Nikos, thank you for this post. Its very inspiring.
This is wonderful!
Your posts are really great.
Had a query regarding data transformation during time series modelling, We use different transformations such as log or box cox transformations before applying time series models.I would like to know is it fine to do scaling(multipying or dividing by a constant) on the time series before applying time series models(Models like arima, ets , stlf etc).
I do not see why scaling would affect linear models.

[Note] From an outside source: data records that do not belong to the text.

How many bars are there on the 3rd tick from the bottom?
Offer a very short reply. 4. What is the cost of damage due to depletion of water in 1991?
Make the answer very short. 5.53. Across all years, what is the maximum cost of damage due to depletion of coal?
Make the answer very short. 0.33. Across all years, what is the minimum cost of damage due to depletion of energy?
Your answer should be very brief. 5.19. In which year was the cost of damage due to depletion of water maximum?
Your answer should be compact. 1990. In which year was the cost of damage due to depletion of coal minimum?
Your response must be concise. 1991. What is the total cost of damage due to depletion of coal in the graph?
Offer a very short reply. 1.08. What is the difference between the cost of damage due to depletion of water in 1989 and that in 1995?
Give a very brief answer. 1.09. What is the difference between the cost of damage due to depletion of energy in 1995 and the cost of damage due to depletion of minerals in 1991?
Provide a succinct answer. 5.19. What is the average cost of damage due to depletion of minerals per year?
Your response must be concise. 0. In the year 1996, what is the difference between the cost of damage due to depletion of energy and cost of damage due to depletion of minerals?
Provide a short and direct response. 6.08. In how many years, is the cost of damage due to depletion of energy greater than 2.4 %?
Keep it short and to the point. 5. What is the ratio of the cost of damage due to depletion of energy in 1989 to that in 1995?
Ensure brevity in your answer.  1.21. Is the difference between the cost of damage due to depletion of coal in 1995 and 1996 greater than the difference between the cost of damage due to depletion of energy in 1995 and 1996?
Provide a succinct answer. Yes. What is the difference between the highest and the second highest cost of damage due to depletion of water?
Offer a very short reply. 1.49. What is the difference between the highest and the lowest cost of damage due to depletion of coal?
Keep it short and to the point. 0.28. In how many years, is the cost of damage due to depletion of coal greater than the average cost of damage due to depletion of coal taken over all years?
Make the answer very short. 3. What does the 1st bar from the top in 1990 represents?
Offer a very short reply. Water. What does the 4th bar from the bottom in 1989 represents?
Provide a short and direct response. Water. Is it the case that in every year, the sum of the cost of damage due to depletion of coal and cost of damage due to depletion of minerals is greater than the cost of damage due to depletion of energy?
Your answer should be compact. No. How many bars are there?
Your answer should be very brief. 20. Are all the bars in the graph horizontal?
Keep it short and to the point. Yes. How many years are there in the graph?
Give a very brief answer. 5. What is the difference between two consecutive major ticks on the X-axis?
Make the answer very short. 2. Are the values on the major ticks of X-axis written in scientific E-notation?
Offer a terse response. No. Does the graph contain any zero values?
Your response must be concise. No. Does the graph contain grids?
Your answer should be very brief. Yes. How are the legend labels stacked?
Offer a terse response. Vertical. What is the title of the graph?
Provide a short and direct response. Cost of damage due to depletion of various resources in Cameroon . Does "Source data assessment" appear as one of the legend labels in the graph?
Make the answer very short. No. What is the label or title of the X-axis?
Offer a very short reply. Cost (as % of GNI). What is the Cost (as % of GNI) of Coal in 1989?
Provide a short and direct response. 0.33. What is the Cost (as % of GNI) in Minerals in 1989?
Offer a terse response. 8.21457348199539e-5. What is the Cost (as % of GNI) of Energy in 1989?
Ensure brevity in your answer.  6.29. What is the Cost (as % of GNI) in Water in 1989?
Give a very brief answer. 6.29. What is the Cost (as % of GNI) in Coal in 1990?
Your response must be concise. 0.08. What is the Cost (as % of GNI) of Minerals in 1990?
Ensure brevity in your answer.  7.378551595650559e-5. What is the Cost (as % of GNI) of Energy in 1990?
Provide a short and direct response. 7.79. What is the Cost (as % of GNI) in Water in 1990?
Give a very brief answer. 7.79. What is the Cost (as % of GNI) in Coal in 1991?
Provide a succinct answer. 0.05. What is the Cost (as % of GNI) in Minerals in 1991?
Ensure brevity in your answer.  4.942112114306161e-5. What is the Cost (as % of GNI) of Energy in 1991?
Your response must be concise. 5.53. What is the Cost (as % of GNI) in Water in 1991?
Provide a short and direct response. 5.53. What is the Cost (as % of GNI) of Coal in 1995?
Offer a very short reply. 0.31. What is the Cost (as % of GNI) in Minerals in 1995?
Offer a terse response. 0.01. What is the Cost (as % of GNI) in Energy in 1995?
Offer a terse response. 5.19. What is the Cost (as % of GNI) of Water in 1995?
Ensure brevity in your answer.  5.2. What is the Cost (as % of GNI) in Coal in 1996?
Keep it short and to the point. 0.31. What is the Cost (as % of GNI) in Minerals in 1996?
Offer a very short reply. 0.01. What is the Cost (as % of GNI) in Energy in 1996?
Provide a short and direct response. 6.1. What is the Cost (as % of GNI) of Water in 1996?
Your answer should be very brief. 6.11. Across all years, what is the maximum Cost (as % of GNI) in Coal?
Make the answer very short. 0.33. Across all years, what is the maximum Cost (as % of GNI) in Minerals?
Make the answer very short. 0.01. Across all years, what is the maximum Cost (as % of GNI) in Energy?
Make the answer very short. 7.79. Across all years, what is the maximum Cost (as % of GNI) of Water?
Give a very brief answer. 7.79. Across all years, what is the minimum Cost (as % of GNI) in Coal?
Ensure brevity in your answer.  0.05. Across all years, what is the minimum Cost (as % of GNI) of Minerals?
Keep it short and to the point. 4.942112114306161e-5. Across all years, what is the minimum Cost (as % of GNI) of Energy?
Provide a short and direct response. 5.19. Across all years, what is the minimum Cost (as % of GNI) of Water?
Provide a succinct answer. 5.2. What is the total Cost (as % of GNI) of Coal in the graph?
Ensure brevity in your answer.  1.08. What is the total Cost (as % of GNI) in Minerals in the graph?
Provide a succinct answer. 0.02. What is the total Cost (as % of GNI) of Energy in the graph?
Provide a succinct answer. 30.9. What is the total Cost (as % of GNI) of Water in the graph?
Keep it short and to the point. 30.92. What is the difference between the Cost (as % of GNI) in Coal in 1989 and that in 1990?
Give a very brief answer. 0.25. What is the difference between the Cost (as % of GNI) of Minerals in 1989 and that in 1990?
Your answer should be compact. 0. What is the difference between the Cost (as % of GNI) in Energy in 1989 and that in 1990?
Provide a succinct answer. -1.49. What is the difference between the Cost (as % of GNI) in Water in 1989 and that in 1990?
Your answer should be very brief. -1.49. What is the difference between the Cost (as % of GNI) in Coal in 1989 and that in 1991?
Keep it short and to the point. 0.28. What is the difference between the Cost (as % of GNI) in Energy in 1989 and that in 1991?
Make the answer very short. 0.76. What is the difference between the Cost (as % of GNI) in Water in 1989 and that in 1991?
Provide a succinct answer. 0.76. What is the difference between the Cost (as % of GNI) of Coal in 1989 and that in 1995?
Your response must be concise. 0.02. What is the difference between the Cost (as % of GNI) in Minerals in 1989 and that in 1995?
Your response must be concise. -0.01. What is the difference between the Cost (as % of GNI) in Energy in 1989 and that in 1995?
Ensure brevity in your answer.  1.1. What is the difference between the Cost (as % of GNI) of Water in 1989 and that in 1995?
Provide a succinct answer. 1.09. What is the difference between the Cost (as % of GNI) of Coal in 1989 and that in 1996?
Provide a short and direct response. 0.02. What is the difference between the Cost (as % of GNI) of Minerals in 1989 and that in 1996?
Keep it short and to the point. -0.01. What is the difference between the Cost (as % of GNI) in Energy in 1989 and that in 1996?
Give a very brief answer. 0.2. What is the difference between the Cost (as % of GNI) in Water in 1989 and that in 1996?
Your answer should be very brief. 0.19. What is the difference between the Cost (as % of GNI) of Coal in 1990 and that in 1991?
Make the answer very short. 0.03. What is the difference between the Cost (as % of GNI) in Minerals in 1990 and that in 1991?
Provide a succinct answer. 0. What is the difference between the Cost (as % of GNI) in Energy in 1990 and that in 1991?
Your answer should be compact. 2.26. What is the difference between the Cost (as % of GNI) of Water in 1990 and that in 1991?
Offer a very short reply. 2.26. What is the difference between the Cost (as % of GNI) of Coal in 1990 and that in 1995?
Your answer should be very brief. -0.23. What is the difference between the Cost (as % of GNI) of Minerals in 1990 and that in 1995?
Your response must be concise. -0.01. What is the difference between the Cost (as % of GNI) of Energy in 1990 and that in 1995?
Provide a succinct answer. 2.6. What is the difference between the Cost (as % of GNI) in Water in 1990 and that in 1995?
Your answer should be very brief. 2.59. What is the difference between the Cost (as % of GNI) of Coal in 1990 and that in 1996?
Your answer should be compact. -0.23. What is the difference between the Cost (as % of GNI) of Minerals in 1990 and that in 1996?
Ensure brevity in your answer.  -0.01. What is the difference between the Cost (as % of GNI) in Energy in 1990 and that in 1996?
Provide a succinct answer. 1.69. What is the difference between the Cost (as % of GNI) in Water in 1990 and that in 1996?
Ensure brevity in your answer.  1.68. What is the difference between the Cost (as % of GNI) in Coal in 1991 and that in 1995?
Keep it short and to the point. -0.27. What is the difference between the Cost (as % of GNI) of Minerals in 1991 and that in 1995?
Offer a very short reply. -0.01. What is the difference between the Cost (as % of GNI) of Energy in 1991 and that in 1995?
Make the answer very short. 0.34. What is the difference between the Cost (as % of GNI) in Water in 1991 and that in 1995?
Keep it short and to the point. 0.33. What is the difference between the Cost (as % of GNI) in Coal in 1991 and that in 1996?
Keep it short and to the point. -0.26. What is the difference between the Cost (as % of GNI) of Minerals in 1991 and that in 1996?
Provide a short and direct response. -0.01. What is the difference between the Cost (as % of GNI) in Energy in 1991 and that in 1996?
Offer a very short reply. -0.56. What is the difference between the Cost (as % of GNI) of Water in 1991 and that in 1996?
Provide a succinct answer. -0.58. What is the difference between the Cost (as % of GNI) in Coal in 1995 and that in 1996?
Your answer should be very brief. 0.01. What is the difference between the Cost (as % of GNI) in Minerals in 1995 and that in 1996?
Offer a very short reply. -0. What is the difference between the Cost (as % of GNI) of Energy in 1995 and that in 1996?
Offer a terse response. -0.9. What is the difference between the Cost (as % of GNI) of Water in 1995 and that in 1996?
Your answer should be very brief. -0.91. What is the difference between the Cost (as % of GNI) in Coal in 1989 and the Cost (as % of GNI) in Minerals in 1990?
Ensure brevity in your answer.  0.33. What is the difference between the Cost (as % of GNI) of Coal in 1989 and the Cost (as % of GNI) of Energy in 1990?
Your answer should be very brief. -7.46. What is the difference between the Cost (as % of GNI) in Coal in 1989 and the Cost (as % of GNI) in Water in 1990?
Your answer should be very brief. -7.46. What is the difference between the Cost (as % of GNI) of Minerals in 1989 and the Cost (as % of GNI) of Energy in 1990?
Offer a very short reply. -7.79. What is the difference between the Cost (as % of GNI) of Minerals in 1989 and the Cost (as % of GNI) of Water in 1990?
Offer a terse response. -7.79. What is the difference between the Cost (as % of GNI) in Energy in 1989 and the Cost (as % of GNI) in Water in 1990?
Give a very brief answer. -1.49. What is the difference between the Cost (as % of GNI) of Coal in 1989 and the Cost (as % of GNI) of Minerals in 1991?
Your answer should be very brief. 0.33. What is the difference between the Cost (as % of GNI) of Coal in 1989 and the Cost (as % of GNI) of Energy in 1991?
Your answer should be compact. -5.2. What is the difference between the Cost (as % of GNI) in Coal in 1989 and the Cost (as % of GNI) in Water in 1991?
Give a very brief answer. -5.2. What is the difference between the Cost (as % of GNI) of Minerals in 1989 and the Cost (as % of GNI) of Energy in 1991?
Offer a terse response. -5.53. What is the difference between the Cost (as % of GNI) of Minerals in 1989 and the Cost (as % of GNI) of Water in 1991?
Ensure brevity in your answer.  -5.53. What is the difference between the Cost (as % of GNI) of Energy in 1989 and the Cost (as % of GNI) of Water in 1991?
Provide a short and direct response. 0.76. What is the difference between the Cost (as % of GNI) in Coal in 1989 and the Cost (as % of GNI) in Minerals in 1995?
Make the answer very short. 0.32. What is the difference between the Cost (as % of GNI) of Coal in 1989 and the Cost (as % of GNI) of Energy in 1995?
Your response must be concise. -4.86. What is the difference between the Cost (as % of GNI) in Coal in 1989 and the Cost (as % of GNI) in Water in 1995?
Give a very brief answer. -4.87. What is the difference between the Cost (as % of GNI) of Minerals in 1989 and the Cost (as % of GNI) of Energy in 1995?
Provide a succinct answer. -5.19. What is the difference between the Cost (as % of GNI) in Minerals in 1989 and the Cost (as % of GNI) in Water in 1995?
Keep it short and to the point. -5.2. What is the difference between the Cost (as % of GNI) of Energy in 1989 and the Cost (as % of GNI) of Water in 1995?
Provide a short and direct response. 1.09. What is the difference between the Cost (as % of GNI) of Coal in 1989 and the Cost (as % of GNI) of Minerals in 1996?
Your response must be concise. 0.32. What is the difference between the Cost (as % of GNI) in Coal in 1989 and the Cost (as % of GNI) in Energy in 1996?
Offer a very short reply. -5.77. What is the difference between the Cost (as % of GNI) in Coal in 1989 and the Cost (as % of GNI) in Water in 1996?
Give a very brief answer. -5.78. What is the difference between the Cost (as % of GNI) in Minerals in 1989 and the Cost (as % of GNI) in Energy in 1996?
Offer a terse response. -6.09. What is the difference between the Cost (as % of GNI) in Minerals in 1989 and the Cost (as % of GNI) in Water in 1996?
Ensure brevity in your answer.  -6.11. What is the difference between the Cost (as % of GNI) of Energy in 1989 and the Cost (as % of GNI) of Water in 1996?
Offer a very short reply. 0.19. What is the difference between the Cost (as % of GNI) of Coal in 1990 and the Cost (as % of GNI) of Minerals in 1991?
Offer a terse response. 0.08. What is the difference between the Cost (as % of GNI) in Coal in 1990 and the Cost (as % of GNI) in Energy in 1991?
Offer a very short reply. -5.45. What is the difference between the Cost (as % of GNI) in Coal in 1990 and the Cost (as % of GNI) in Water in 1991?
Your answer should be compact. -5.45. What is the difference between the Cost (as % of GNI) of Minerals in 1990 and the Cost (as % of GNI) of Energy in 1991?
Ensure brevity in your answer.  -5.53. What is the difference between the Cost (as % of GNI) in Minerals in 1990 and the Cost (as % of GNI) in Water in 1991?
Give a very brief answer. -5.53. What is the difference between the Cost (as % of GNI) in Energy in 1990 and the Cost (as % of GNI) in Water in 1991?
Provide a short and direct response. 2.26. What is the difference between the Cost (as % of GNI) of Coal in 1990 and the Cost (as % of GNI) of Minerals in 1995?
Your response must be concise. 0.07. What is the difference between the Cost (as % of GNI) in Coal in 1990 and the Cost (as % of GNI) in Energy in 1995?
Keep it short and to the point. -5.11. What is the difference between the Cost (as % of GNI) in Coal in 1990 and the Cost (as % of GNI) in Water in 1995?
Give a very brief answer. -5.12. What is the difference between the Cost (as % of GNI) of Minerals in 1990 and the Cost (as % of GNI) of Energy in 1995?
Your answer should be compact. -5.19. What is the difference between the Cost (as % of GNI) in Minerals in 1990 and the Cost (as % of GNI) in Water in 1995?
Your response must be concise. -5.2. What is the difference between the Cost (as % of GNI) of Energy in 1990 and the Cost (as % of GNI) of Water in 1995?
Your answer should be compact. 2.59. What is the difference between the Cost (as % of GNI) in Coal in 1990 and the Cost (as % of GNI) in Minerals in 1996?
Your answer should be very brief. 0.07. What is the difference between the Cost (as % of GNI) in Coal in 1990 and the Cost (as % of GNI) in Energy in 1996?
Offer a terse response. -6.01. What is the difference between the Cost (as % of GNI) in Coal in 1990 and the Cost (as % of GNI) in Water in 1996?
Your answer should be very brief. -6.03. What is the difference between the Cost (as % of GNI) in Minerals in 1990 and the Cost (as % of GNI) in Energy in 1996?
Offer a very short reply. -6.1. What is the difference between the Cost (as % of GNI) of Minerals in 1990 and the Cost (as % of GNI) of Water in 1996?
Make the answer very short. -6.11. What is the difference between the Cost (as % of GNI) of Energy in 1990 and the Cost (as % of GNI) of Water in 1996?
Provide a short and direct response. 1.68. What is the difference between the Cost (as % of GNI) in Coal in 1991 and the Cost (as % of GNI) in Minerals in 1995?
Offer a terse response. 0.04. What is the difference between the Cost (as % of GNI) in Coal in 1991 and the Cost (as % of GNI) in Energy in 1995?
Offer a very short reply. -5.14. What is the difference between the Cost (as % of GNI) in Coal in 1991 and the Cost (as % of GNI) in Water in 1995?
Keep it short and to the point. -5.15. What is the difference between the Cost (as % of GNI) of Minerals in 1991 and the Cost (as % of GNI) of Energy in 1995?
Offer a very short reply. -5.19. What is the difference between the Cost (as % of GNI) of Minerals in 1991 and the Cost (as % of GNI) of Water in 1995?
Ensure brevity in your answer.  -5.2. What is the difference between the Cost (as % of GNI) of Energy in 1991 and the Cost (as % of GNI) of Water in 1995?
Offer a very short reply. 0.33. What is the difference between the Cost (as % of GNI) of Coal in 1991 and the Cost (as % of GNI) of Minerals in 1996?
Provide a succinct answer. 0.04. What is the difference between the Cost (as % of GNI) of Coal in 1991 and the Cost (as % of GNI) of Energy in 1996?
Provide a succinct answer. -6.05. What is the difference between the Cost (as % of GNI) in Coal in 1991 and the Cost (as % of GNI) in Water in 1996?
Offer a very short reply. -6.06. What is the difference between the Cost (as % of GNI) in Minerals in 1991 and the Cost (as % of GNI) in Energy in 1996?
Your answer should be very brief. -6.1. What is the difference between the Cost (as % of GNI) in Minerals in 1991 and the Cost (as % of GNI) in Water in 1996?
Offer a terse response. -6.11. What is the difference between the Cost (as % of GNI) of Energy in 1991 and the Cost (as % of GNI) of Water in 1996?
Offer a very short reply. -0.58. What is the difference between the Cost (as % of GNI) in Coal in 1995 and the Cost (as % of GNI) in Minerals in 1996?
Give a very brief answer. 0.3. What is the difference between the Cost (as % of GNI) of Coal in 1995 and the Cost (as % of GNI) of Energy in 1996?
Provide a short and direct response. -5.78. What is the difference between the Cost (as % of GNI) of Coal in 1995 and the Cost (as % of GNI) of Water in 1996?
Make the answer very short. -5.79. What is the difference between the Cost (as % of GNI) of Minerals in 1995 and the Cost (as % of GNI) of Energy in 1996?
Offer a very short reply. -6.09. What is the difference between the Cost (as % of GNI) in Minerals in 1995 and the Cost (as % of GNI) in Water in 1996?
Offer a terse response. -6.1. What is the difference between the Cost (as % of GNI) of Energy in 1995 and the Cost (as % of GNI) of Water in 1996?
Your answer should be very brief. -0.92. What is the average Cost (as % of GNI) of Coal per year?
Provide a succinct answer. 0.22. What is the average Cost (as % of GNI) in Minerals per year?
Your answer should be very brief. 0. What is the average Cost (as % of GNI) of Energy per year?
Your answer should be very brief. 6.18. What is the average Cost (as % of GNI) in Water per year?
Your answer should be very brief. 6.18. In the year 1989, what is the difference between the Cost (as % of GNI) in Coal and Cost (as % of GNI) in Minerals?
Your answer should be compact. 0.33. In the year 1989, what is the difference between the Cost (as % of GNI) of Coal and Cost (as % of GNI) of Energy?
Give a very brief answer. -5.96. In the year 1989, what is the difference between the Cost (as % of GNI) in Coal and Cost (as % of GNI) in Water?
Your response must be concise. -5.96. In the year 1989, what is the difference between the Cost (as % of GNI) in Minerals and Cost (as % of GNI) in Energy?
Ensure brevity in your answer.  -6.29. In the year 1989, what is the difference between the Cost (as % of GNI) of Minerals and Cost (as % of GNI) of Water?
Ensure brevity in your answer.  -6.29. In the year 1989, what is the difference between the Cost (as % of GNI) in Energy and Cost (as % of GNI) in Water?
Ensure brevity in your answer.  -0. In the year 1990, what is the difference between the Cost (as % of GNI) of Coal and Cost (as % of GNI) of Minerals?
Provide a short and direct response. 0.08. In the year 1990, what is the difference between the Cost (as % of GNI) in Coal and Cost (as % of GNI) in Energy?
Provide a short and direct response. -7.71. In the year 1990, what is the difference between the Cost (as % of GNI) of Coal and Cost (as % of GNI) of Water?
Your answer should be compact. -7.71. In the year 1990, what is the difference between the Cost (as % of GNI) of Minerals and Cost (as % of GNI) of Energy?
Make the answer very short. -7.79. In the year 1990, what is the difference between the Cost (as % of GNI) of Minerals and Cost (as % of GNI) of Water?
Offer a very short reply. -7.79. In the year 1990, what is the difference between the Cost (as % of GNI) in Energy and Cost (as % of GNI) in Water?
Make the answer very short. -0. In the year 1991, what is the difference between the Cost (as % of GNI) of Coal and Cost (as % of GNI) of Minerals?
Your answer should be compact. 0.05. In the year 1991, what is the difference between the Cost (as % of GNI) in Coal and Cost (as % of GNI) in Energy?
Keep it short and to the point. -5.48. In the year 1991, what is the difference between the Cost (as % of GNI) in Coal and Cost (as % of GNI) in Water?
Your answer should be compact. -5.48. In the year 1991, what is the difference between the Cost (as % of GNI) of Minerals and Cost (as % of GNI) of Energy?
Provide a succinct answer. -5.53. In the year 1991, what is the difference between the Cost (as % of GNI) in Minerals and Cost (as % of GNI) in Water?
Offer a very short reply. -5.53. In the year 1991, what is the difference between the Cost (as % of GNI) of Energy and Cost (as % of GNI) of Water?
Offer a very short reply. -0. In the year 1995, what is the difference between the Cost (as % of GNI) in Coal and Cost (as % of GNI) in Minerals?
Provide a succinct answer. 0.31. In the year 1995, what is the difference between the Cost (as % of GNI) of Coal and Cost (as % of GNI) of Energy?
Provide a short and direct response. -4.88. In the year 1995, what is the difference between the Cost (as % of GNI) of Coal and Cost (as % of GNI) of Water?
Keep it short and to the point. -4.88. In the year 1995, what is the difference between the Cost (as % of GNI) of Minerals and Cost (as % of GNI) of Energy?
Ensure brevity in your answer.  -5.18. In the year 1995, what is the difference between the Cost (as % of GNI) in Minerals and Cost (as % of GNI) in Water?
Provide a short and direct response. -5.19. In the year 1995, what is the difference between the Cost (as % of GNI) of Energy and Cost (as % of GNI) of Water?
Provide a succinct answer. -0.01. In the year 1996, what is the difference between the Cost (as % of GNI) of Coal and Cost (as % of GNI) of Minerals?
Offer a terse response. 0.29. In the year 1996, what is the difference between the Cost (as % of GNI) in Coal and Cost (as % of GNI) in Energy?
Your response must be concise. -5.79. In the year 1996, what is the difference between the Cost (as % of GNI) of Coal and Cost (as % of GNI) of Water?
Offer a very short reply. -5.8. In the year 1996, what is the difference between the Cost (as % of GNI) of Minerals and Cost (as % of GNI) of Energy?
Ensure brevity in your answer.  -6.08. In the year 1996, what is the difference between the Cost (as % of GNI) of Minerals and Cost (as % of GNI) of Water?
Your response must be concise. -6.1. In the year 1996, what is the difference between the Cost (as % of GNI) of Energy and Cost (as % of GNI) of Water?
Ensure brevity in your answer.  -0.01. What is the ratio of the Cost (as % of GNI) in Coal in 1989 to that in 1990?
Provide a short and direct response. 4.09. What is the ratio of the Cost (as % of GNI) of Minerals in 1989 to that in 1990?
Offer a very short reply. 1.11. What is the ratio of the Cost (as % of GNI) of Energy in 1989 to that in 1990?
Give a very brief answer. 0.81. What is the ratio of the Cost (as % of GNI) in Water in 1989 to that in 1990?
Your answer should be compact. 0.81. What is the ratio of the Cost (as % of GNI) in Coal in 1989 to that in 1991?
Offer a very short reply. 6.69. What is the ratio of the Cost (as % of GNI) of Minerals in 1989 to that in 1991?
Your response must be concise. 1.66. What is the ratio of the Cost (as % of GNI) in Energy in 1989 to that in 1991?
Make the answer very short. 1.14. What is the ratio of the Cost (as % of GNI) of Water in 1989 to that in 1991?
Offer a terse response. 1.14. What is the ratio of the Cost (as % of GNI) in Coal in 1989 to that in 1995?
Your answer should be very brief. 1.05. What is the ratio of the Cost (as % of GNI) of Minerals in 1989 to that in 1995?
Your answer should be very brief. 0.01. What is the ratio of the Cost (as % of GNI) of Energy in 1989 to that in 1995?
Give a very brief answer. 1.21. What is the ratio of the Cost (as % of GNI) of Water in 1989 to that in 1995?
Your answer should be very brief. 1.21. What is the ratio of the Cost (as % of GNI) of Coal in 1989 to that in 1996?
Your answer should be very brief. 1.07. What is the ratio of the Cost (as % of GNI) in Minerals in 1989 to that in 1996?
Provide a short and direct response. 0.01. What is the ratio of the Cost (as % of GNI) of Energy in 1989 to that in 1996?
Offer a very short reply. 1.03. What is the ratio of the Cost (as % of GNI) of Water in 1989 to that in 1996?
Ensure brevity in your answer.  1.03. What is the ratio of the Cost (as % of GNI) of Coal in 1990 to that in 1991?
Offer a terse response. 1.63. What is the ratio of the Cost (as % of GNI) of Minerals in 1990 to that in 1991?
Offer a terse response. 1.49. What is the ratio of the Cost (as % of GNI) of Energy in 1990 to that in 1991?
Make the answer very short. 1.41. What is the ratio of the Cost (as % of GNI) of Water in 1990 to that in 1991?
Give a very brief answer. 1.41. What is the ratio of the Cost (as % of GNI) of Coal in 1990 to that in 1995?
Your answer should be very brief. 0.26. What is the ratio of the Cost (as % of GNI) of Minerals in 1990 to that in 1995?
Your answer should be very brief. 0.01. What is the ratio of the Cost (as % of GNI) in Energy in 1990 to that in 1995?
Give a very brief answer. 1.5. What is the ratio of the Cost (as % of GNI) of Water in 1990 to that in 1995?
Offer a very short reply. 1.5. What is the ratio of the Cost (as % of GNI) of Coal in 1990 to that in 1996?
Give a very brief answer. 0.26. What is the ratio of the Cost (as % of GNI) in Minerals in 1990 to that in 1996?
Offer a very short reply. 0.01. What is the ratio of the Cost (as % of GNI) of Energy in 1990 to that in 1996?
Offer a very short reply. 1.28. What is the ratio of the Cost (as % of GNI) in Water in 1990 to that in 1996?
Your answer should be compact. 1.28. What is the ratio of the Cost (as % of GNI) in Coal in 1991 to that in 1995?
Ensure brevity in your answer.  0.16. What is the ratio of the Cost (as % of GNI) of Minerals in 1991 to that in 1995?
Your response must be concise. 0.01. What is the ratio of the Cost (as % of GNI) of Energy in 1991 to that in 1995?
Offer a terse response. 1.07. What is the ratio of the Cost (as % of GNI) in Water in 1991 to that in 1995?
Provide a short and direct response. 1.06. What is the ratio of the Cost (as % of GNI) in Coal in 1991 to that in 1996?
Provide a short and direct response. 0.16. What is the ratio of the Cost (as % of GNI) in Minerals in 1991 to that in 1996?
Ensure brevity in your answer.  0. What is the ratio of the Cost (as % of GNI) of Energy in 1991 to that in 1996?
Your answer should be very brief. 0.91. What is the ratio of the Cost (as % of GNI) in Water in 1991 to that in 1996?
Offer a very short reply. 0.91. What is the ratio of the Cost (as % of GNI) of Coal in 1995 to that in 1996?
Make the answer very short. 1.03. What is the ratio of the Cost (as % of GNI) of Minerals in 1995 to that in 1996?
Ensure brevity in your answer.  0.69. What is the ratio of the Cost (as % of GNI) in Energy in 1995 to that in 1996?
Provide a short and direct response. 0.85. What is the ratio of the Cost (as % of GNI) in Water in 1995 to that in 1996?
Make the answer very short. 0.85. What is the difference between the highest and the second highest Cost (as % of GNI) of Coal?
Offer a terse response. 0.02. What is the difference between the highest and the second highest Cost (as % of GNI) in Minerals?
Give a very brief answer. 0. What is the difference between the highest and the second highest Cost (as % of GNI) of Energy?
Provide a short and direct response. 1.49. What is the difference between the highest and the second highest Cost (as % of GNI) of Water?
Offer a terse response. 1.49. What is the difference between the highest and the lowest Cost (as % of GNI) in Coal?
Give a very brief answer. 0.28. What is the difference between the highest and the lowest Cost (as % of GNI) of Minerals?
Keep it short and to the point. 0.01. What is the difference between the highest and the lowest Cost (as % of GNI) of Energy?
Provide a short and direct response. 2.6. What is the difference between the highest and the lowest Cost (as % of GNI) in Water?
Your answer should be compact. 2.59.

We can always do some tricks to split the estimation. For instance in lasso regression we take away the mean and do not estimate it as part of the regression, but do it separately. You could in principle do that with ETS, Arima, etc. However, keep in mind that if you are using ETS with multiplicative specifications, you need to avoid introducing zeros and make any proportional changes (i.e. multiply/divide), as otherwise you will break the multiplicative connection between the components and the level!